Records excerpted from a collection
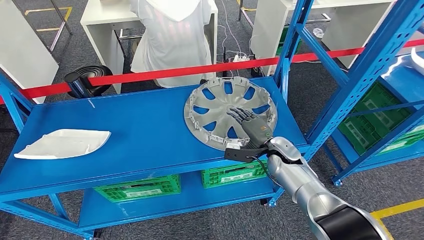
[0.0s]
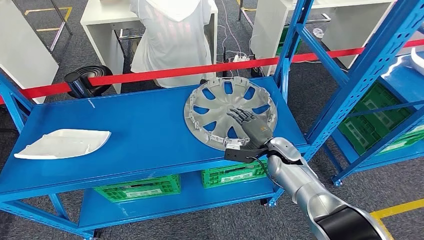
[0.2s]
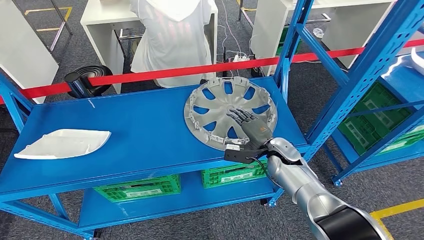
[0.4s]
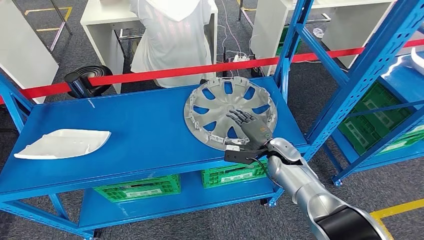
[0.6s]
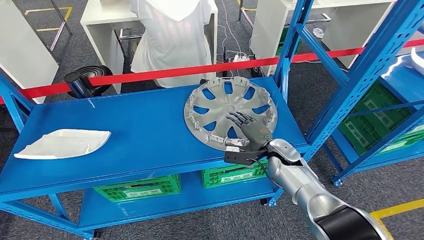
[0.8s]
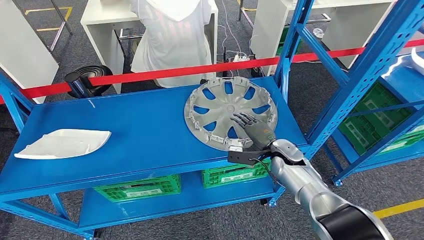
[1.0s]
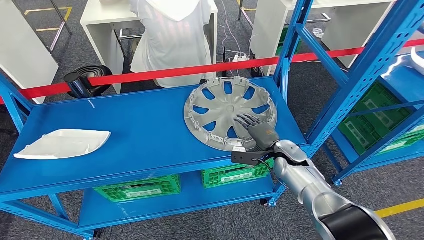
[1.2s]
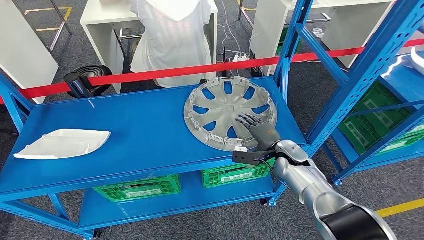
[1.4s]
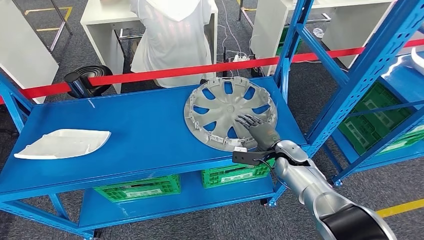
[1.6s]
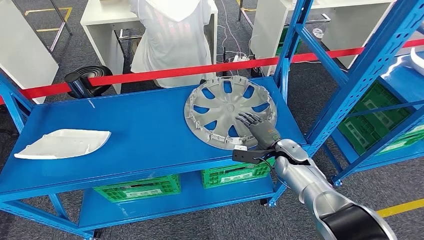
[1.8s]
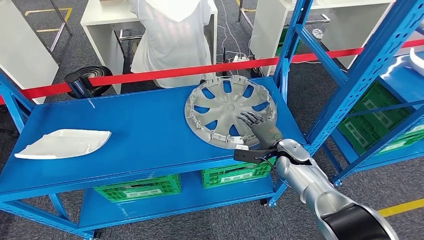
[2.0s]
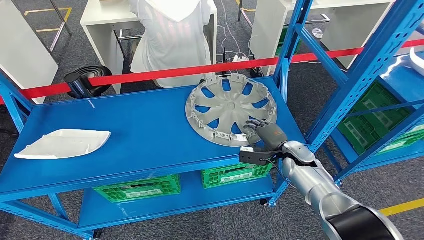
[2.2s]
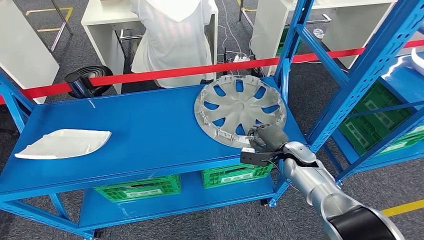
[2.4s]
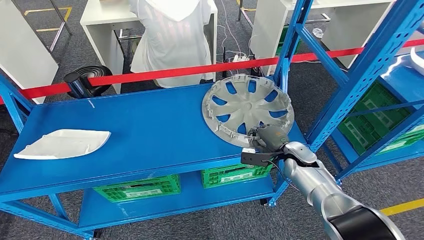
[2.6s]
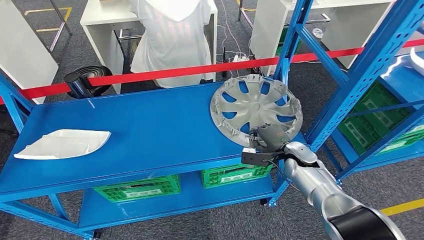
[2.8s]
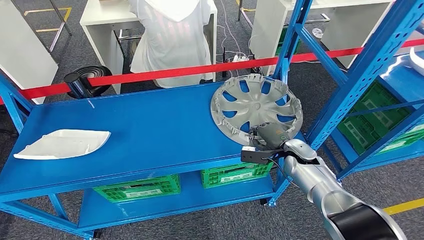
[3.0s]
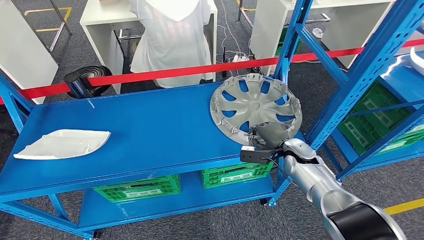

#### DESCRIPTION OF THE TASK
The records are to be duplicated in full and exactly, with images left out.

#### RESULT FOR THIS EXERCISE
[0.0s]
[0.2s]
[0.4s]
[0.6s]
[0.8s]
[1.0s]
[1.2s]
[1.4s]
[1.6s]
[1.8s]
[2.0s]
[2.2s]
[2.4s]
[2.6s]
[2.8s]
[3.0s]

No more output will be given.